Sementara itu mantan kepala Lapan Thomas Djamaluddin menuturkan, potensi perbedaan penetapan awal puasa maupun lebaran masih berpotensi terjadi di Indonesia. Karena ada perbedaan kriteria penetapan, khususnya di kalangan Muhammadiyah dan Nahdlatul Ulama (NU). Seperti diketahui Muhammadiyah menggunakan kreteria wujudul hilal yang berbasis hisab. Sedangkan NU menggunakan kriteria imkanul rukyat atau visibilitas hilal.
Dari perbedaan kriteria itu, Thomas mengatakan, untuk penetapan awal puasa hampir dipastikan serentak. Yaitu sama-sama pada tanggal 23 Maret. Karena pada saat 22 Maret tinggi hilal sudah memenuhi kriteria MABIMS 3 derajat dan kemungkinan besar bisa diamati. “Ada potensi perbedaan terkait (penetapan) Idul Fitri 1444 H,” katanya.
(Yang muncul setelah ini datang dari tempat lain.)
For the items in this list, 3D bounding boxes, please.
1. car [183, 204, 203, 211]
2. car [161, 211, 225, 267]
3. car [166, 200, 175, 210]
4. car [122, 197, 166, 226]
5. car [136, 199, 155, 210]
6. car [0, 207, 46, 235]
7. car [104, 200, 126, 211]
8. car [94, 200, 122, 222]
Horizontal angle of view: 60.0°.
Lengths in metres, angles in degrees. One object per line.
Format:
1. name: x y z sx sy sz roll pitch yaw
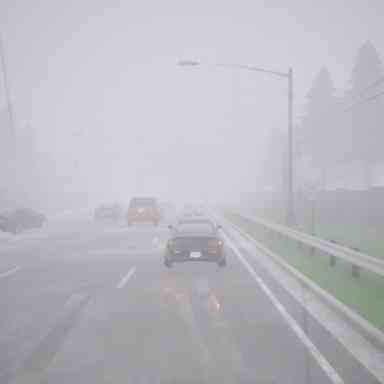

Dia mengatakan, pada tanggal 29 Ramadan atau 20 April, tinggi hilal belum memenuhi kriteria tinggi hilal MABIMS 3 derajat. Tapi hilal sudah di atas ufuk. Dengan demikian nantinya Muhammadiyah akan lebaran pada 21 April. Sementara NU serta pemerintah kemungkinan besar menetapkan 1 Syawal atau lebaran jatuh pada 22 April. Dia menegaskan masyarakat tetap sebaiknya hasil resmi sidang isbat.
Thomas menegaskan, sebab utama terjadinya perbedaan penentuan awal Ramadan, Idul Fitri, dan Idul Adha yang terus berulang karena belum disepakatinya kriteria awal bulan hijriyah. Prasyarat utama untuk terwujudnya unifikasi kalender hijriyah, harus ada otoritas tunggal.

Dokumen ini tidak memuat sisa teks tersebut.